What Renegade Ops does is not especially unique. This is a pure top down, dual joystick, vehicle-based game in the vein of Assault Heroes or Jackal. Rather, it's the finesse with which the action is done, coupled with a loony Saturday morning cartoon-gone-bad vibe, that makes the game so much fun. The vehicle controls, often a point of contention in dual joystick games, are spot on here. It's so easy to drift precisely around every corner, and yet so satisfying. The guns, mapped to the right stick, sound heavy and are highly satisfying to shoot, especially after they've been upgraded a few times.
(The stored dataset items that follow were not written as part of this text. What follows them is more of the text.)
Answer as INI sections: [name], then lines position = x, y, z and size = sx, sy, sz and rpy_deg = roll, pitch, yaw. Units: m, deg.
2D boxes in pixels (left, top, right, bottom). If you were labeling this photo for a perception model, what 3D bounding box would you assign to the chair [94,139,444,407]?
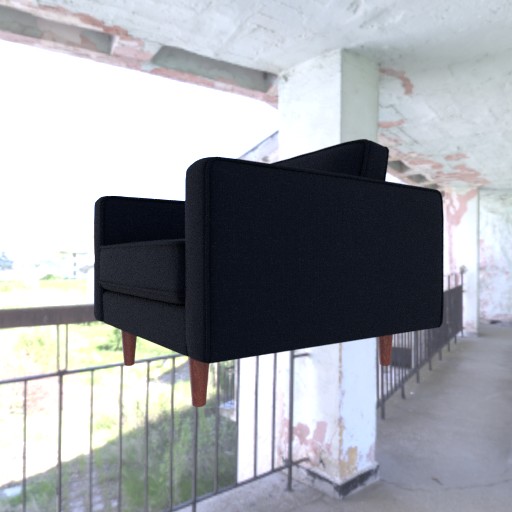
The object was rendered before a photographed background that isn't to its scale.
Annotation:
[chair]
position = 0.000, 0.000, 1.561
size = 0.920, 0.770, 0.899
rpy_deg = 0, 0, -35
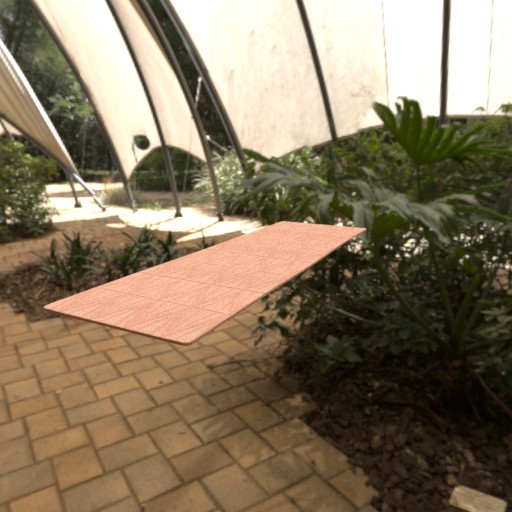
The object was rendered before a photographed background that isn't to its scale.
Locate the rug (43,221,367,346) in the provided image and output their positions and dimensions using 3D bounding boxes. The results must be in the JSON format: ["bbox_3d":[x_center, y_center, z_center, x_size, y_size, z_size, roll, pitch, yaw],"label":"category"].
[{"bbox_3d":[0.000,0.000,2.721,0.760,0.015,2.435,7,16,27],"label":"rug"}]
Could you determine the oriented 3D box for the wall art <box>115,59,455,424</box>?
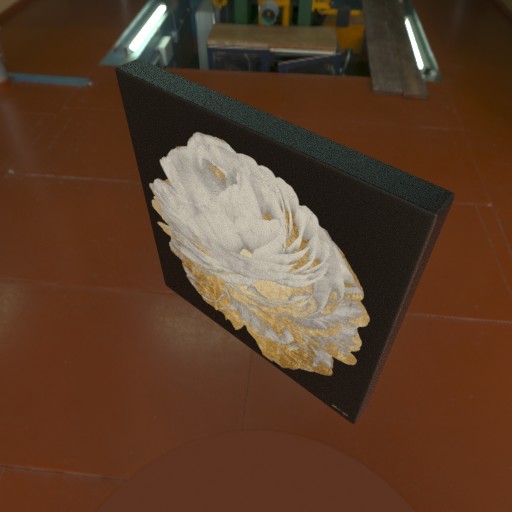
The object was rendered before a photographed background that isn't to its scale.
[{"bbox_3d":[0.000,0.000,0.593,0.406,0.407,0.041,32,54,26],"label":"wall art"}]

The guns aren't the only things that can be upgraded, though, as each of the four main characters can level up and gain new skills as the game progresses. This prevents the game from feeling too mindless, as you'll always be on the lookout for new ways to combine your abilities to great effect. For example, Roxy can drop an airstrike on enemies with a press of the left trigger. She can unlock an upgrade which increases the radius of the airstrike, as well as an upgrade that gives homing properties to each of the missiles dropped during the strike. These two powers work great in conjunction. There are 50 levels for each character to gain, and the level-ups come fast, especially in the beginning. It's not uncommon to gain five levels or more in a single mission. This fast pace will keep you feeling rewarded on a regular basis, but it's not too fast as to make the leveling process unsatisfying.
The single player is all well and good, but things really get crazy with the introduction of more players. Split screen is available and, other than an unfortunate dip in frame rate, works just fine. The screen splits dynamically depending on the players' positions relative to each other, which can be either cool or disorienting depending on the circumstances. But the best way to play with your friends is online, where up to four players can band together to squash terrorists under their tires. Again, the frame rate can take a few hits during this mode, but with all of the chaos happening onscreen it's understandable. Seriously, online play is nuts. In a typical game of co-op, there'll be so many explosions going off that it'll be nearly impossible to discern what's happening. It's hectic, but it's never not fun.
The gameplay is borderline perfect, but what really sold me on the game was its crazy, GI Joe meets The Expendables plot and characters. The game begins with the main character, Bryant (a name which I found hilarious, for some reason) literally grabbing a fistfull of war medals off his chest and throwing them in the face of the UN. What follows is a blitzkrieg of one-liners and increasingly larger explosions, leading up to an ending that's just pure gold. The ending cutscene, told in the normally stilted style of a motion comic, is the greatest thing I've seen in a long time. I nearly fell out of my chair laughing.
It's also worth noting just how gorgeous this game looks. It runs on the Just Cause 2 engine, which produced some staggeringly beautiful vistas, and it has allowed Avalanche to flex their graphical muscles on a much smaller, but equally compelling scale here. Everything from the water movements to the physics of the cars just feels right, but the thing that impressed me most was the fire effects. It's an important thing to get right for a game that features so many explosions, and it looks great.
What Renegade Ops does is not particularly revelatory, nor is it anything bordering on cerebral. But the grace with which the game pulls off its manic action, coupled with an online co-op mode that's to die for, makes this one an easy recommendation at fifteen bucks.